*What is needed*. Your answer must match the entries below word for word.

Data entries
--*--

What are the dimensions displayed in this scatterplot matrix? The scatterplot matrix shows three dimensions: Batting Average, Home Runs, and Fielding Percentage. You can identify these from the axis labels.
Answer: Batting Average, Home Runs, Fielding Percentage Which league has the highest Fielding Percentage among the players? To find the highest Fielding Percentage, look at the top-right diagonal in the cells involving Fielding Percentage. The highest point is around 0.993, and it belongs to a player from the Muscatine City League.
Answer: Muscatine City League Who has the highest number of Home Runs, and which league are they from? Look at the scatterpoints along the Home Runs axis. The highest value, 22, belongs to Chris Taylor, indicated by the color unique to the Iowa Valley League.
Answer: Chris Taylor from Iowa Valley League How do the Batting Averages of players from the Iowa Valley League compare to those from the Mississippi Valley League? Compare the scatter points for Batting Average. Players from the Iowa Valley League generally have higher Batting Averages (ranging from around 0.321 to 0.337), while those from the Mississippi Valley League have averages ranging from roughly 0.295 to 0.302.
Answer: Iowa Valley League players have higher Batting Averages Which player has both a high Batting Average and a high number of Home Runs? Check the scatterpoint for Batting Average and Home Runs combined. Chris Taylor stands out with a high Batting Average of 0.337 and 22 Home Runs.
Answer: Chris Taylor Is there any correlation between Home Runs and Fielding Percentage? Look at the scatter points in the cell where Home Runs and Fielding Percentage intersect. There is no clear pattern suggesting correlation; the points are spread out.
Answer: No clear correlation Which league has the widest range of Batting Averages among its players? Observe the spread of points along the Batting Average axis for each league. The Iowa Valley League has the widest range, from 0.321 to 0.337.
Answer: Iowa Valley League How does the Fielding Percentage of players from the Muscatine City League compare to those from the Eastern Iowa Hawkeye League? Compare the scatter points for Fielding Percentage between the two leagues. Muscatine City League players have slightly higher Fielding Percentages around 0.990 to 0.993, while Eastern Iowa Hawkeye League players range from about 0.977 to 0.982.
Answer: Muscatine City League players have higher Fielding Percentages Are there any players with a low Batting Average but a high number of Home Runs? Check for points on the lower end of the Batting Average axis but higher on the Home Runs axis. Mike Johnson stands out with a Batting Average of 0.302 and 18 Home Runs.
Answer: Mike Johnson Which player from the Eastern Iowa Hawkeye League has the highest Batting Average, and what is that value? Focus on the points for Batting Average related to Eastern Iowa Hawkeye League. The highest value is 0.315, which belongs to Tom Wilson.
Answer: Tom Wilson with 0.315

--*--

*Problem solution*.
What are the dimensions displayed in this scatterplot matrix? The scatterplot matrix shows three dimensions: Batting Average, Home Runs, and Fielding Percentage. You can identify these from the axis labels.
Answer: Batting Average, Home Runs, Fielding Percentage Which league has the highest Fielding Percentage among the players? To find the highest Fielding Percentage, look at the top-right diagonal in the cells involving Fielding Percentage. The highest point is around 0.993, and it belongs to a player from the Muscatine City League.
Answer: Muscatine City League Who has the highest number of Home Runs, and which league are they from? Look at the scatterpoints along the Home Runs axis. The highest value, 22, belongs to Chris Taylor, indicated by the color unique to the Iowa Valley League.
Answer: Chris Taylor from Iowa Valley League How do the Batting Averages of players from the Iowa Valley League compare to those from the Mississippi Valley League? Compare the scatter points for Batting Average. Players from the Iowa Valley League generally have higher Batting Averages (ranging from around 0.321 to 0.337), while those from the Mississippi Valley League have averages ranging from roughly 0.295 to 0.302.
Answer: Iowa Valley League players have higher Batting Averages Which player has both a high Batting Average and a high number of Home Runs? Check the scatterpoint for Batting Average and Home Runs combined. Chris Taylor stands out with a high Batting Average of 0.337 and 22 Home Runs.
Answer: Chris Taylor Is there any correlation between Home Runs and Fielding Percentage? Look at the scatter points in the cell where Home Runs and Fielding Percentage intersect. There is no clear pattern suggesting correlation; the points are spread out.
Answer: No clear correlation Which league has the widest range of Batting Averages among its players? Observe the spread of points along the Batting Average axis for each league. The Iowa Valley League has the widest range, from 0.321 to 0.337.
Answer: Iowa Valley League How does the Fielding Percentage of players from the Muscatine City League compare to those from the Eastern Iowa Hawkeye League? Compare the scatter points for Fielding Percentage between the two leagues. Muscatine City League players have slightly higher Fielding Percentages around 0.990 to 0.993, while Eastern Iowa Hawkeye League players range from about 0.977 to 0.982.
Answer: Muscatine City League players have higher Fielding Percentages Are there any players with a low Batting Average but a high number of Home Runs? Check for points on the lower end of the Batting Average axis but higher on the Home Runs axis. Mike Johnson stands out with a Batting Average of 0.302 and 18 Home Runs.
Answer: Mike Johnson Which player from the Eastern Iowa Hawkeye League has the highest Batting Average, and what is that value? Focus on the points for Batting Average related to Eastern Iowa Hawkeye League. The highest value is 0.315, which belongs to Tom Wilson.
Answer: Tom Wilson with 0.315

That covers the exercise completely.